***** TASK INPUT *****

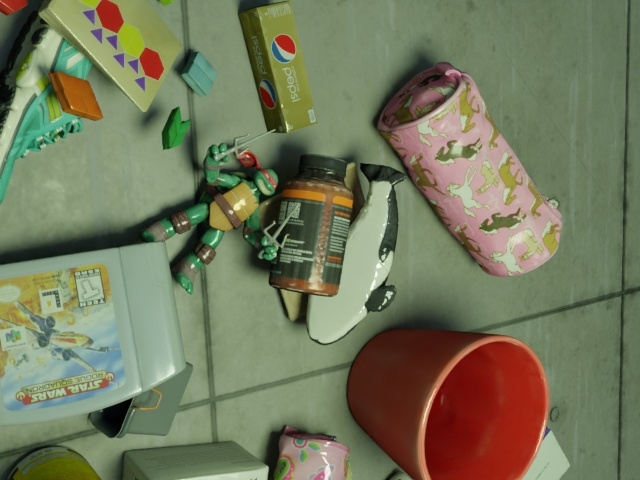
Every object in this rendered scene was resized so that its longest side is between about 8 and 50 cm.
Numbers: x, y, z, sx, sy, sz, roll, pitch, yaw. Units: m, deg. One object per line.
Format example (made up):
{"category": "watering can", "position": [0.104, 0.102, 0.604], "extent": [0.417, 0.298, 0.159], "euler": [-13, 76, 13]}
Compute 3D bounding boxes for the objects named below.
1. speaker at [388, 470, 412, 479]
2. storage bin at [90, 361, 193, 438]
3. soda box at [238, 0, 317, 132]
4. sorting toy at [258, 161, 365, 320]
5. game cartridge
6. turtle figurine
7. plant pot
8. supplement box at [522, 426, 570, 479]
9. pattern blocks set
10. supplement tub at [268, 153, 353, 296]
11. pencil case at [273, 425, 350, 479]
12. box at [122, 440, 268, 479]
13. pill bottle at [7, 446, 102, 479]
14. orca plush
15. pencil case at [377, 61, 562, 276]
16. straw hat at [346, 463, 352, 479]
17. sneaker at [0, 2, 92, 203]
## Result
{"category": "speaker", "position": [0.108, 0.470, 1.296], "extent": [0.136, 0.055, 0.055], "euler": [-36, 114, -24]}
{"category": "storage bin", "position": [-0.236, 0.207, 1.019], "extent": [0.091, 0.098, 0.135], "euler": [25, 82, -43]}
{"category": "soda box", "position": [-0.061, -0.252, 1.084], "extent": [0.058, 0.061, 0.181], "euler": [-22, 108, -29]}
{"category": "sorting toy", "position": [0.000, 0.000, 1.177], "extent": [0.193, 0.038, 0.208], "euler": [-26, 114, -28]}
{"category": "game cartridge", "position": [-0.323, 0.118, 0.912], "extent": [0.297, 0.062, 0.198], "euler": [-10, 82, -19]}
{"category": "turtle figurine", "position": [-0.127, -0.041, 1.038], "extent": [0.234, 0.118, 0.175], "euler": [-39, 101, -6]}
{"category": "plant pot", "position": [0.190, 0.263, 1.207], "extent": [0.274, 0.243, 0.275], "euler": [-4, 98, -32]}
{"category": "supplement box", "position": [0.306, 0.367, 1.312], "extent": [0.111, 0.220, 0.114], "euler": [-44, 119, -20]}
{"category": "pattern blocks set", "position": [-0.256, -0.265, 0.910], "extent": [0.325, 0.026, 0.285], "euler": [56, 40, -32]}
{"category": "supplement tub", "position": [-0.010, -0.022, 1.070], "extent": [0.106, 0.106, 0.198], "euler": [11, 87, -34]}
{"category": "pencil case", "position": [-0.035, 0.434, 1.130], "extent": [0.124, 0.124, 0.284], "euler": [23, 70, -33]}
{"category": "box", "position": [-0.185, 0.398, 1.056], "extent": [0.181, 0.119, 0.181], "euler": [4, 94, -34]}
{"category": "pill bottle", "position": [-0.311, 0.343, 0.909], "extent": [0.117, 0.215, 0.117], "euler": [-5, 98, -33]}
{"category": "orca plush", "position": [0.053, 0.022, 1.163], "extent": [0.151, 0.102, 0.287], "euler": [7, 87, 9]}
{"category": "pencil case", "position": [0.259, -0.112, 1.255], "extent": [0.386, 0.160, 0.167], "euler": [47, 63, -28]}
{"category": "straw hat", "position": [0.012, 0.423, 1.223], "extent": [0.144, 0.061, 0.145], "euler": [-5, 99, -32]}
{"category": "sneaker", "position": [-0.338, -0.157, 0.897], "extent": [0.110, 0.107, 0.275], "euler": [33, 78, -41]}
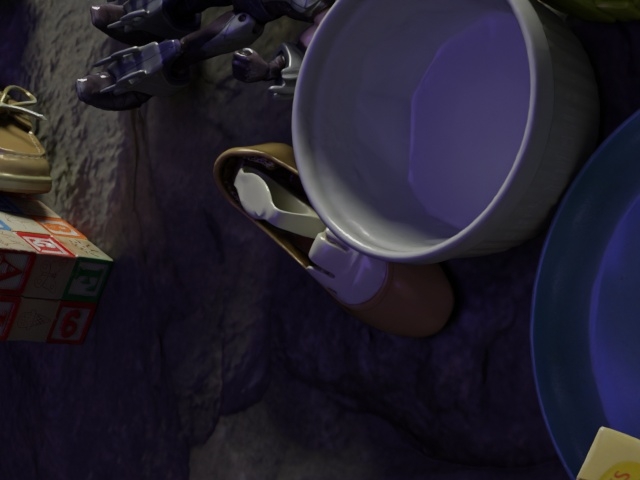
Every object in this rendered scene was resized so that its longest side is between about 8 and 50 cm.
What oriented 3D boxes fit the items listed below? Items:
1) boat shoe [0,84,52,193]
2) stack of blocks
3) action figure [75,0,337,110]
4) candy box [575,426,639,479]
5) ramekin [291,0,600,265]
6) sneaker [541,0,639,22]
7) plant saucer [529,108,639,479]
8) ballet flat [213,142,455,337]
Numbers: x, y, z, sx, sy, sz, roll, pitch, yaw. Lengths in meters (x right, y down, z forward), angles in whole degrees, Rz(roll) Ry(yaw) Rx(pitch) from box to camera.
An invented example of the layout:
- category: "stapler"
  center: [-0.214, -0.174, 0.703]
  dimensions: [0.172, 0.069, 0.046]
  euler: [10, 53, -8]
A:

*****
***** TASK INPUT *****

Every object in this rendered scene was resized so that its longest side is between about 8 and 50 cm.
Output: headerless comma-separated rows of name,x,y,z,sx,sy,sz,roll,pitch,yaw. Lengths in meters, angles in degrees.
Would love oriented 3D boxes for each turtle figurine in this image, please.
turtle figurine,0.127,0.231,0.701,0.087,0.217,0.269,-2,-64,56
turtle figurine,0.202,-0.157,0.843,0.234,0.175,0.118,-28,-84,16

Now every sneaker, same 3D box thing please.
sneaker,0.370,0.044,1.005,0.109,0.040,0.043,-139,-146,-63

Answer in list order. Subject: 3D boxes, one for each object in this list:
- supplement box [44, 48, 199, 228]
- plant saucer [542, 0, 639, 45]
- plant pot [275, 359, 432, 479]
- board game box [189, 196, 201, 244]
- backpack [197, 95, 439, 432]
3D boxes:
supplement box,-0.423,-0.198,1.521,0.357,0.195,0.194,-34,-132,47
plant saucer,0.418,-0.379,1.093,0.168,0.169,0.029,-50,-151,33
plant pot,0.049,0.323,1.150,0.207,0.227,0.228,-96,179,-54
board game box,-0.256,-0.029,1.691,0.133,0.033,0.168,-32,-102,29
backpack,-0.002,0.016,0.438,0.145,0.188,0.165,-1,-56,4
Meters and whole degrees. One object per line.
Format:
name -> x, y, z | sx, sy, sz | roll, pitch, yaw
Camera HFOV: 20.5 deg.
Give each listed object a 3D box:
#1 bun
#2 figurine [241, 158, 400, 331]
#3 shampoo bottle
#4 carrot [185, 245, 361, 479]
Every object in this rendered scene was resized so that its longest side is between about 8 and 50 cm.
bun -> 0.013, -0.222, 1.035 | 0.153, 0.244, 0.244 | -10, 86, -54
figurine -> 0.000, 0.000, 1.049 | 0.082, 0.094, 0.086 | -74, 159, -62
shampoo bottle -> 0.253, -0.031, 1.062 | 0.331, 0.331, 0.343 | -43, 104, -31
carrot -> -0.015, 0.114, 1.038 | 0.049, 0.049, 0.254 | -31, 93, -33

*****

EXERCISE OBJECTIVE -
Among the lines of the listing, count those holding the string "listed" and reply with the count only.

THE ANSWER -
2